= Edinburgh Mathematical Notes =

Mathematics journal published by the Edinburgh Mathematical Society

Edinburgh Mathematical Notes was a mathematics journal published from 1909 until 1961 by the Edinburgh Mathematical Society.

The journal was originally named Mathematical Notes, with the subtitle A Review of Elementary Mathematics and Science. Its creation was the suggestion of George Alexander Gibson, a professor at University of Glasgow, who wished to remove the more elementary or pedagogical articles from the Proceedings of the Edinburgh Mathematical Society.
Is founding editor was Peter Pinkerton, who at the time headed the mathematics department of George Watson's College and later became rector of the High School of Glasgow.

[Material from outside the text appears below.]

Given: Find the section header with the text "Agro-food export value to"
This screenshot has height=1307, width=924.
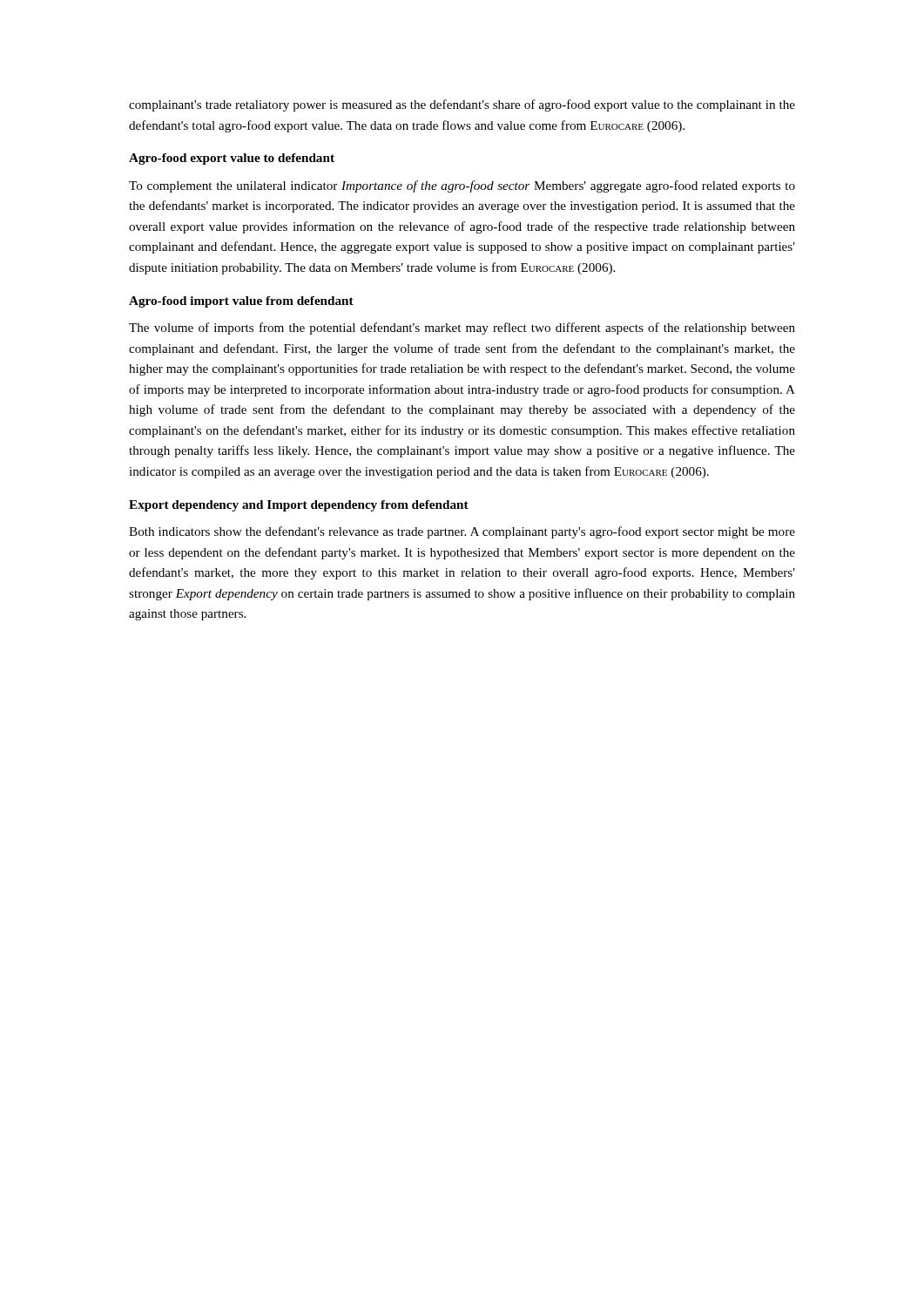Looking at the screenshot, I should pyautogui.click(x=232, y=157).

21 issues of the journal were published from 1909 to 1916. During World War I, the journal went on hiatus, resumed publishing for two issues in 1924 and 1925, and then it went on hiatus again until 1929. In 1939, it changed its name from Mathematical Notes to Edinburgh Mathematical Notes. In 1958 its issues began being published as issues of the Proceedings of the Edinburgh Mathematical Society, and after 1961 they became incorporated into a department of the Proceedings rather than being published separately. After 1967 it stopped appearing altogether.

The archives of the journal are available online to subscribers through the Cambridge University Press.